As in all things, it's not quite as straight forward as that, mind. For although the combined results put the Leave camp on 52% and the Remain camp on 48%, England and Wales voted to offski from the EU, whilst Scotland and Northern Ireland voted to stay.
The campaigns fought by both sides were rather negative, with some downright lies hoisted upon the populace as complete facts. How that isn't illegal, I do not know? Is there any other walk of life where you would be allowed the unbridled freedom to con folk to such an extent? Well, apart perhaps from those pedlars of landline broadband with their 'up to bazillions of Mbps' on offer.
I steered clear of the televised debates. Politicians trying to shout each other down is such an unedifying spectacle, the only winners, I suspect, being ear defender manufacturers.

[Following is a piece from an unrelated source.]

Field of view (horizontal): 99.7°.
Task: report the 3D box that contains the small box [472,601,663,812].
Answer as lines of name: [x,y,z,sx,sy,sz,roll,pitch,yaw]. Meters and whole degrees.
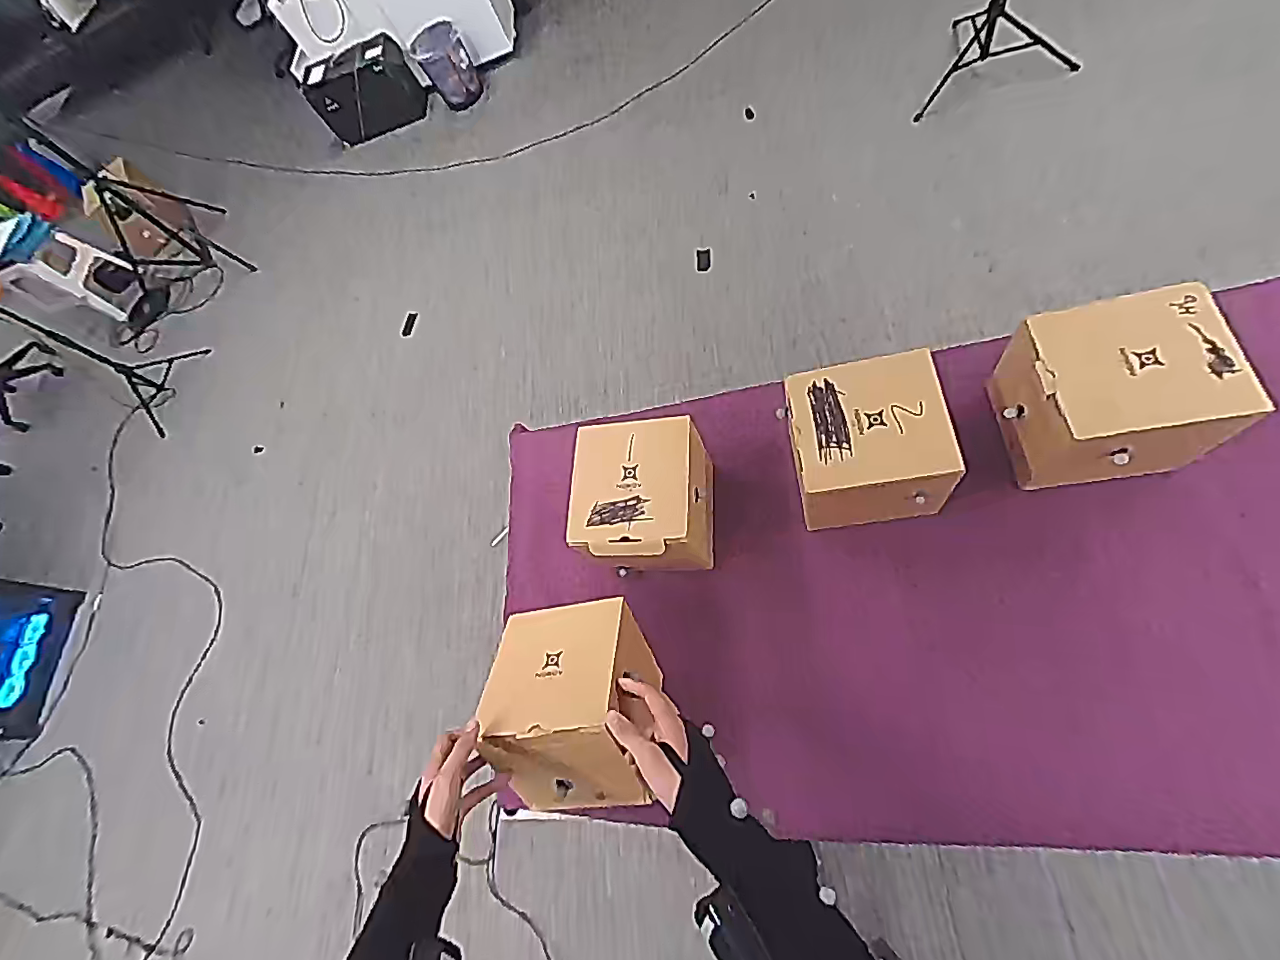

Predictably, my own view on the referendum was governed by the best outcome for wildlife, which put me firmly in the Remain camp. Not that the environment featured anywhere in the whole debate to any great extent. However, whatever your view of the EU, its Habitats and Birds Directives provide an amount of protection for the ecology of a continent. And I do not think anyone has any great hopes of a deregulated UK giving a second thought to concreting over vast swathes of Nature.
Now that the people of the UK have spoken, it will take some time for the situation to resolve itself, as there doesn't appear to be a Plan B. And, I suspect, there wasn't a Plan A either, beyond trying to bluff the EU into yet more concessions and change the leadership of the Conservative party.
So, with the pace of change and the multitude of pressures upon the environment increasing, the natural world will go back to doing what it does best, evolving to cope as best as it can.
Lovely blog Mr W
Thanks, JD, it was one of the harder ones to write.